- [Task prompt]
Start at the line in the entries below that contains "Answer: 195M Is", stop at the line that contains "Answer: No What is the priority", and output exactly the lines in that span, both ends included.

--- Information Enclosed Below ---

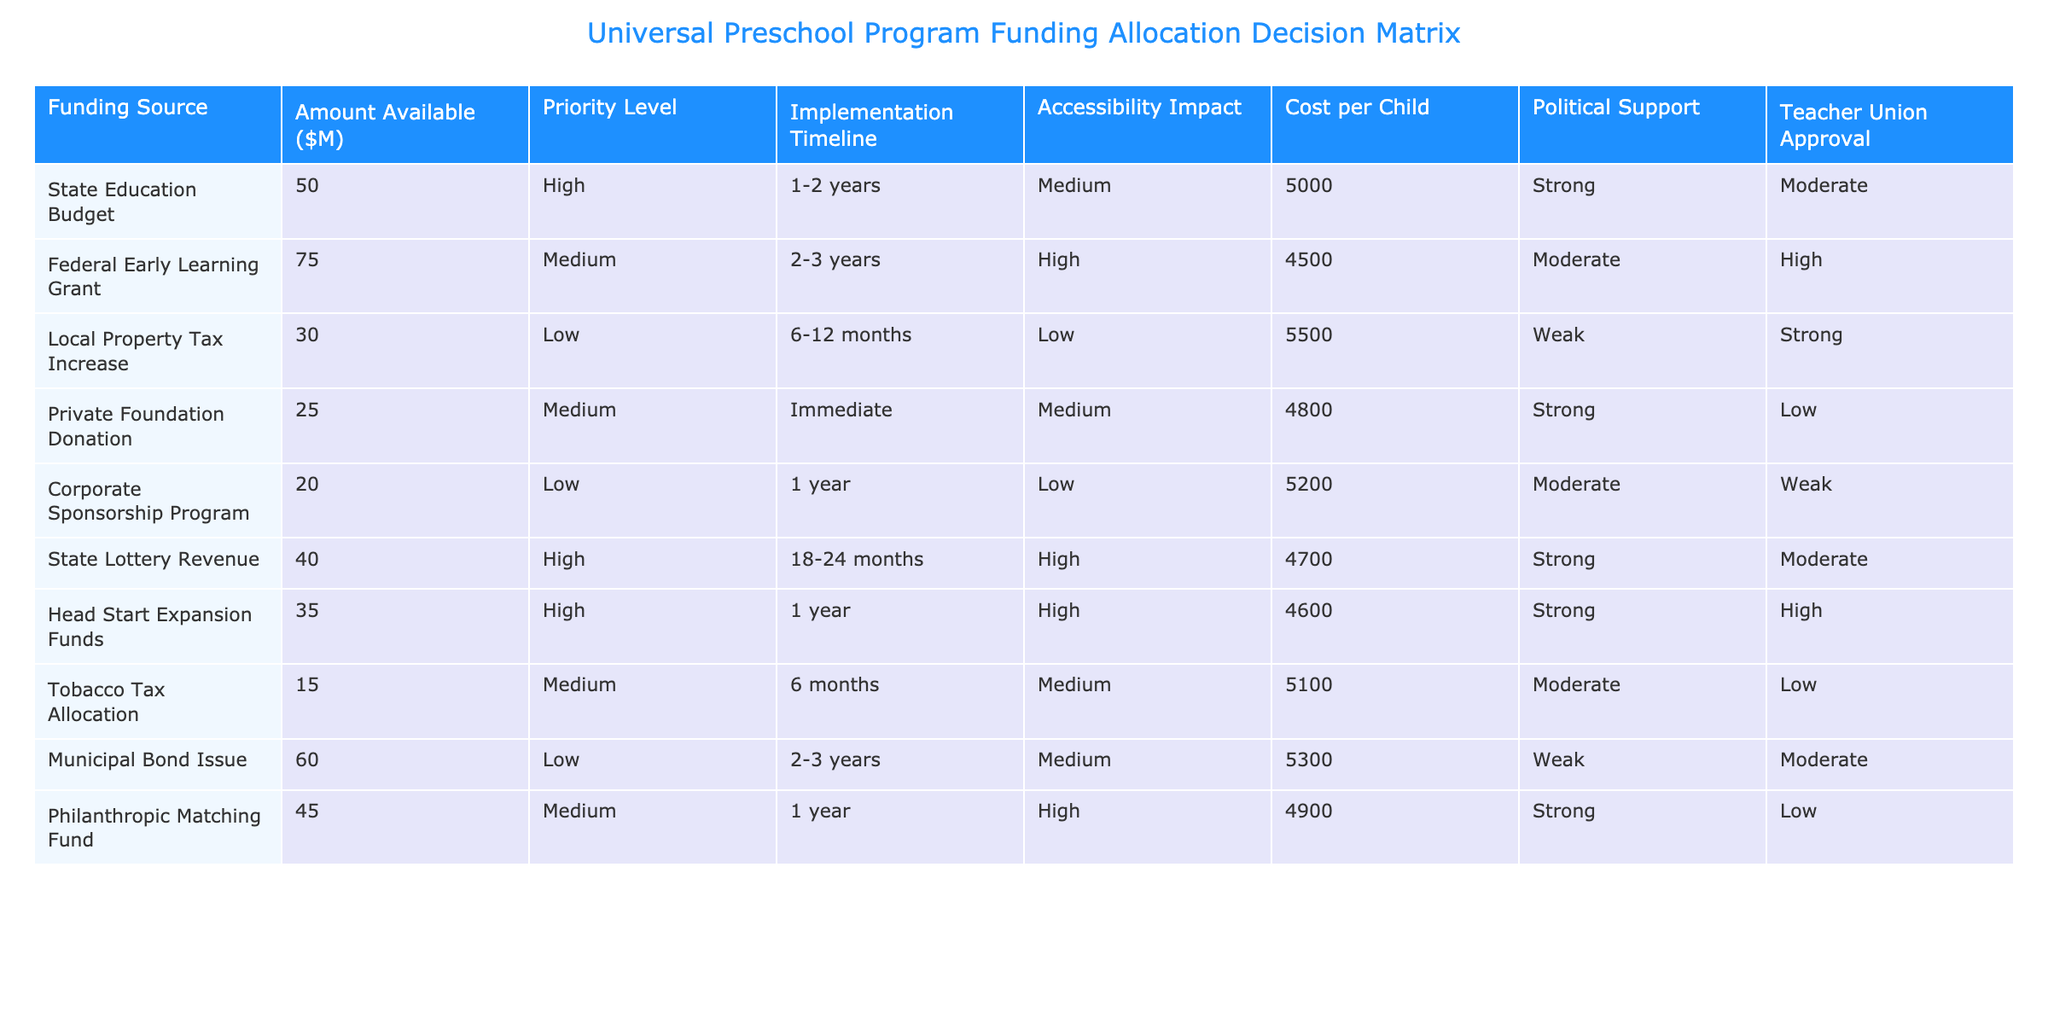What is the highest amount available from a single funding source? According to the table, the highest amount available from a single funding source is 75M from the Federal Early Learning Grant.
Answer: 75M Which funding source has the lowest political support? Reviewing the table, the funding source with the lowest political support is the Corporate Sponsorship Program, which has weak support.
Answer: Corporate Sponsorship Program What is the total amount available for funding from high-priority sources? The high-priority sources are the State Education Budget (50M), State Lottery Revenue (40M), and Head Start Expansion Funds (35M). Adding these gives 50 + 40 + 35 = 125M.
Answer: 125M Is there a funding source with immediate implementation that also has strong teacher union approval? The Private Foundation Donation is the only source with immediate implementation and it has strong teacher union approval.
Answer: No What is the average cost per child for all funding sources? Summing the costs per child from all sources gives 5000 + 4500 + 5500 + 4800 + 5200 + 4700 + 4600 + 5100 + 5300 + 4900 = 52000. There are 10 funding sources, so 52000/10 = 5200.
Answer: 5200 Which funding sources provide high accessibility impact, and what is the total amount available from these sources? The funding sources with high accessibility impact are Federal Early Learning Grant (75M), State Lottery Revenue (40M), Head Start Expansion Funds (35M), and Philanthropic Matching Fund (45M). Adding these gives 75 + 40 + 35 + 45 = 195M.
Answer: 195M Is the Local Property Tax Increase the only option with low accessibility impact? Comparing the table, the Local Property Tax Increase is not the only option with low accessibility impact; the Corporate Sponsorship Program and Municipal Bond Issue also fall into this category.
Answer: No What is the priority level of the Tobacco Tax Allocation funding source? The Tobacco Tax Allocation has a medium priority level according to the table.
Answer: Medium How many funding sources are categorized as low priority? The table indicates there are three sources categorized as low priority: Local Property Tax Increase, Corporate Sponsorship Program, and Municipal Bond Issue.
Answer: 3 
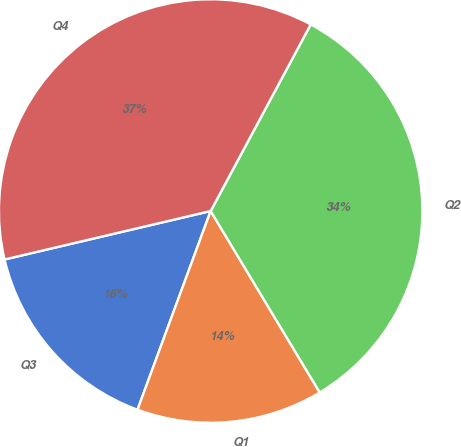Convert chart to OTSL. <chart><loc_0><loc_0><loc_500><loc_500><pie_chart><fcel>Q3<fcel>Q1<fcel>Q2<fcel>Q4<nl><fcel>15.71%<fcel>14.23%<fcel>33.55%<fcel>36.51%<nl></chart>

--- End of Enclosed Information ---

- [Your response]
Answer: 195M Is the Local Property Tax Increase the only option with low accessibility impact? Comparing the table, the Local Property Tax Increase is not the only option with low accessibility impact; the Corporate Sponsorship Program and Municipal Bond Issue also fall into this category.
Answer: No What is the priority level of the Tobacco Tax Allocation funding source? The Tobacco Tax Allocation has a medium priority level according to the table.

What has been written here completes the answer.